Thus, in terms of what might be considered "right action", the question is not which system of identity building is superior as indeed all systems of identity or lenses of identity have blind spots if used as an 𝑖𝑛𝑡𝑒𝑛𝑡𝑖𝑜𝑛𝑎𝑙 technology to build oneself. (Rather from culture as a self-sustaining machine as perhaps the authors would seem to invoke looking at the tech)
Practically, it is a question of whether one is motivated by constituitive validation and identity-reinforcement/building or if they are motivated by a clear apprehension of reality -whatever that happens to be.
No preference, no boundary, no blindness.
I think however the construct lens of "identity Technologies" for understanding the "real" motivation or intention of profilific communication has its limitations.
There is value to veracity in all information.
To conceptually cut up the different styles of deviations from "carefree wandering" or "curious truth seeking activity"
belies a neutrality of difference between what are effectively different modes of lying to oneself and others as a neutrality of value.
However, Does it really not make a difference whether the reason I decided to get this book and decided to read through it was motivated by a sincere or authentic interest in the material and a desire to understand the subject
or if the purposes of getting and reading the book were such that I could build myself as a more sophisticated person and have something to talk about in conversation with friends or online in a review of the book so as to market myself as a sophisticated thinker?
Is the reason for my rhetoric at present to be compelling? Why do I wish to be compelling?
What is the purpose of communication?
Is it to effectively transfer or point to understanding some sense of information accurately and efficiently?
Or is it to gain the external validation of the general peer? my close family and friends or even to validate my egoic sense of self that I've structured with great sophistication as true?
I think it has to be the former if the goal is truth.
Whether or not validation comes through any given system is secondary and after effects, whether a technology happens to be prolific or authentic or sincere-friendly is secondary to the matter of communication. These technologies if presumed to be operating BY persons rather than IN persons becomes a medium of communication rather than some kind of standard or test of fulfillment in and of itself.
Indeed if I am indulging this material out of an authentic interest in it -it would appear that I'd be better positioned to understand and or interpret it than someone doing it for profilific purposes and is constantly interrupting the authors prose to interject the question of "is this useful to me and with what I've already committed identification with?"

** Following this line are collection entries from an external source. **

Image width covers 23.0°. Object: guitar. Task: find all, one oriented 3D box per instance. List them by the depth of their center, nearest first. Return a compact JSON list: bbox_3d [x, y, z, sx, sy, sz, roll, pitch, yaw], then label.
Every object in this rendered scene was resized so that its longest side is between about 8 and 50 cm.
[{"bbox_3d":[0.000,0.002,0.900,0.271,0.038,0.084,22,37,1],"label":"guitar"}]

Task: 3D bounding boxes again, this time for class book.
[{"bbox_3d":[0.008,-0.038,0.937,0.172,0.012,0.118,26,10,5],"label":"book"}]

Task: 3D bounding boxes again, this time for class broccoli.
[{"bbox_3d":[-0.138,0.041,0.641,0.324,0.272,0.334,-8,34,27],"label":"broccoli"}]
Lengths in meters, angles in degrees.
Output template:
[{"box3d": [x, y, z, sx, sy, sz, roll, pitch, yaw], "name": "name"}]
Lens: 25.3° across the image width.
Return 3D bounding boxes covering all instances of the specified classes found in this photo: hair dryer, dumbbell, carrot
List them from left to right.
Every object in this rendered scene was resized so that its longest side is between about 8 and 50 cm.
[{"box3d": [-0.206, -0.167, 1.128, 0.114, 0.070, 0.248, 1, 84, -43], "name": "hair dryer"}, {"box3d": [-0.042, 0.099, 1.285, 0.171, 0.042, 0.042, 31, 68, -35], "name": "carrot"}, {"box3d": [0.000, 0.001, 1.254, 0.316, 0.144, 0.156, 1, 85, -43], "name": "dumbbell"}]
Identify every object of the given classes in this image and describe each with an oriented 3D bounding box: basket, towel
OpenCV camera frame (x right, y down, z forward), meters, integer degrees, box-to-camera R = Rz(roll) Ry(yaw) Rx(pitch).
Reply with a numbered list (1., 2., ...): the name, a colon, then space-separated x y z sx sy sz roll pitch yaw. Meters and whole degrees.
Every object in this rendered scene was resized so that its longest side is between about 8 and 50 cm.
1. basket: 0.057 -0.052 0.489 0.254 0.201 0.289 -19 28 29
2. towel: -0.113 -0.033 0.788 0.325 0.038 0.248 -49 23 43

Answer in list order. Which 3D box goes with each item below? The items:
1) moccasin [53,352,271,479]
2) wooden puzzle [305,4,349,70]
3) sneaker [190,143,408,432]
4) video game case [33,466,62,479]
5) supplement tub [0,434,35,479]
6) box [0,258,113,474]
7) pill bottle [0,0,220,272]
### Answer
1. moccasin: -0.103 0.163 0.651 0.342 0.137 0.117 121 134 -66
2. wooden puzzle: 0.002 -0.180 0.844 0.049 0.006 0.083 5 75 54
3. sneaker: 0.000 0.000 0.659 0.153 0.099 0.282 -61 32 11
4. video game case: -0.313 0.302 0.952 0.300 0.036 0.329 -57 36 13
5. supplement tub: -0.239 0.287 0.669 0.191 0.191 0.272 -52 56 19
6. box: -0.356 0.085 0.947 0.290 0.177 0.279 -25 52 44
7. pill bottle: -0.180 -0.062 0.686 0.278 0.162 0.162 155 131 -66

There is of course the consideration of confirmation bias certainly but that all has to do with self-awareness which again comes back to the primacy of active truth seeking. But, the question begged here also is what is "truth"? Or what is the nature of a spirit which is interested in truth-seeking versus the spirit of an interest invalidation or self-enhancement?

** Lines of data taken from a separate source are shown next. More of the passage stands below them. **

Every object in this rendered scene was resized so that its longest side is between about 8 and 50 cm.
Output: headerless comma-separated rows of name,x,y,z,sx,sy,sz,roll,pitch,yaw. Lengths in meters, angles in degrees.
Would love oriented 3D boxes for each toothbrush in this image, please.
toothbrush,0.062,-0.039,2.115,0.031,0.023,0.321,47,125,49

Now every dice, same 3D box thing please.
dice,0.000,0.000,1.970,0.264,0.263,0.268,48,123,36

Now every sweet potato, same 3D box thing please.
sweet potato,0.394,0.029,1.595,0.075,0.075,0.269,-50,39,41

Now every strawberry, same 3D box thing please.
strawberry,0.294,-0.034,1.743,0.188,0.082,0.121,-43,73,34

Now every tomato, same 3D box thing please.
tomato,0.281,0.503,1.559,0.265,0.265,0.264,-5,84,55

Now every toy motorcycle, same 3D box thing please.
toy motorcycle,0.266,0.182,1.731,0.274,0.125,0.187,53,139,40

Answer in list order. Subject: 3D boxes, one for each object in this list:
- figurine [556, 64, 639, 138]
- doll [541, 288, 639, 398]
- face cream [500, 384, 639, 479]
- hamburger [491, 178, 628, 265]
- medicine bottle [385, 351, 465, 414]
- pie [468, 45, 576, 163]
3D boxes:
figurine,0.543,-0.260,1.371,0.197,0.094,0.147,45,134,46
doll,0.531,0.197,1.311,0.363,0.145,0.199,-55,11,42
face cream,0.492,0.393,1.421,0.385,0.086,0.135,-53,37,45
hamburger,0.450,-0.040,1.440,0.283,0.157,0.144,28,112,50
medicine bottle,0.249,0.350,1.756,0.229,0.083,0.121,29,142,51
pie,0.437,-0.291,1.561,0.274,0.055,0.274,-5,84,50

Well that's a big question.
But perhaps another way to look at it is:
are there other perspectives from which to see the faked social activism stunts or faked climate change reports as bad or negative in and of themselves outside of the model which privileges profilicity?
Perhaps those events were unfortunate because they were yet another case where falsehood took precedence where general trust deteriorated.
Where the drive to be sensationalist or the drive for Capital and external validation took primacy over Simple Truth telling.
[ "Well what exactly is 'simple truth telling', blah blah blah Steven pinker this and that"]
It is not simply that one preferred Truth where suffering occurs, perhaps it is simply one prefers truth telling for the benefit of general and more basic epistemic social condition. No ego or protected identity needed to hold that view, infact identification would hold that to be counter insomuch as one wishes to have greater intelligence over another.
The investments into tried-and-true or the building of new strategies so as to fool others is always a fool's errand because the building of more sophisticated lies (lies to oneself and by effect without intention to others) in turn produce better lie detectors within the cultural milieu.
But I think I've gone too far for one review.
I enjoyed the book, very much.
In any case, pay mind to not take too seriously the nearly superstitious fear-mongering reproach of reviewers which state that books and ideas are "dangerous". Such sentiments not only presume a privileged position of discretion -ascertaining that everyone else must be stupid by comparison, but discount the text with as much (if not more) overstatement as they would attribute to the author (if only as a matter of brevity necessitated by a review). If something is dangerous, such an observation must be made in relation to a notion of safety. Mental Guard rails installed and defended —what one would usually refer to as ego with all of its accompanying delusions and distortions.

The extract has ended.